▶ **Work order**: An exact repetition of all the entries that follow is required.

___ Material for the task ___

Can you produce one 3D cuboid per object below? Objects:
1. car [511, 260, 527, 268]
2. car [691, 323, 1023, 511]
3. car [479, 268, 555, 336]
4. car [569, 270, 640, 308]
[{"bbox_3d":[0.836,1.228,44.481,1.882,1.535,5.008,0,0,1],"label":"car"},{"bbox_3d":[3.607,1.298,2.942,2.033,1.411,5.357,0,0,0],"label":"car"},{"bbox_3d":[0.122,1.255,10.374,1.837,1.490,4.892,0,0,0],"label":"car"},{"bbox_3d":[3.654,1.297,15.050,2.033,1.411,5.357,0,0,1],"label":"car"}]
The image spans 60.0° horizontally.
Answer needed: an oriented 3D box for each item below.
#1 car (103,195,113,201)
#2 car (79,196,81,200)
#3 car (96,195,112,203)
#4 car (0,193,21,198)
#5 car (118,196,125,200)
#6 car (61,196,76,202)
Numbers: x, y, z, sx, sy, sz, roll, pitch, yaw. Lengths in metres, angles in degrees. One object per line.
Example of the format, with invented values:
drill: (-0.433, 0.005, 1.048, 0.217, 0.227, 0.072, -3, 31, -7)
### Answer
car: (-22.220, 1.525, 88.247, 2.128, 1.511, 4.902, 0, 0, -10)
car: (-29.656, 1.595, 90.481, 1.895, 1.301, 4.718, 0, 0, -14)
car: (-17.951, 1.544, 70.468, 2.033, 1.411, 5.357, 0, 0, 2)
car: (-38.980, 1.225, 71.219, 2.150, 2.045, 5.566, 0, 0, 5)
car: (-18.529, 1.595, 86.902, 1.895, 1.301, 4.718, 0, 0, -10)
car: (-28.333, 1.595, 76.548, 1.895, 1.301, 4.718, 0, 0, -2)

___

▶ **Task solution**:
Can you produce one 3D cuboid per object below? Objects:
1. car [511, 260, 527, 268]
2. car [691, 323, 1023, 511]
3. car [479, 268, 555, 336]
4. car [569, 270, 640, 308]
[{"bbox_3d":[0.836,1.228,44.481,1.882,1.535,5.008,0,0,1],"label":"car"},{"bbox_3d":[3.607,1.298,2.942,2.033,1.411,5.357,0,0,0],"label":"car"},{"bbox_3d":[0.122,1.255,10.374,1.837,1.490,4.892,0,0,0],"label":"car"},{"bbox_3d":[3.654,1.297,15.050,2.033,1.411,5.357,0,0,1],"label":"car"}]
The image spans 60.0° horizontally.
Answer needed: an oriented 3D box for each item below.
#1 car (103,195,113,201)
#2 car (79,196,81,200)
#3 car (96,195,112,203)
#4 car (0,193,21,198)
#5 car (118,196,125,200)
#6 car (61,196,76,202)
Numbers: x, y, z, sx, sy, sz, roll, pitch, yaw. Lengths in metres, angles in degrees. One object per line.
Example of the format, with invented values:
drill: (-0.433, 0.005, 1.048, 0.217, 0.227, 0.072, -3, 31, -7)
### Answer
car: (-22.220, 1.525, 88.247, 2.128, 1.511, 4.902, 0, 0, -10)
car: (-29.656, 1.595, 90.481, 1.895, 1.301, 4.718, 0, 0, -14)
car: (-17.951, 1.544, 70.468, 2.033, 1.411, 5.357, 0, 0, 2)
car: (-38.980, 1.225, 71.219, 2.150, 2.045, 5.566, 0, 0, 5)
car: (-18.529, 1.595, 86.902, 1.895, 1.301, 4.718, 0, 0, -10)
car: (-28.333, 1.595, 76.548, 1.895, 1.301, 4.718, 0, 0, -2)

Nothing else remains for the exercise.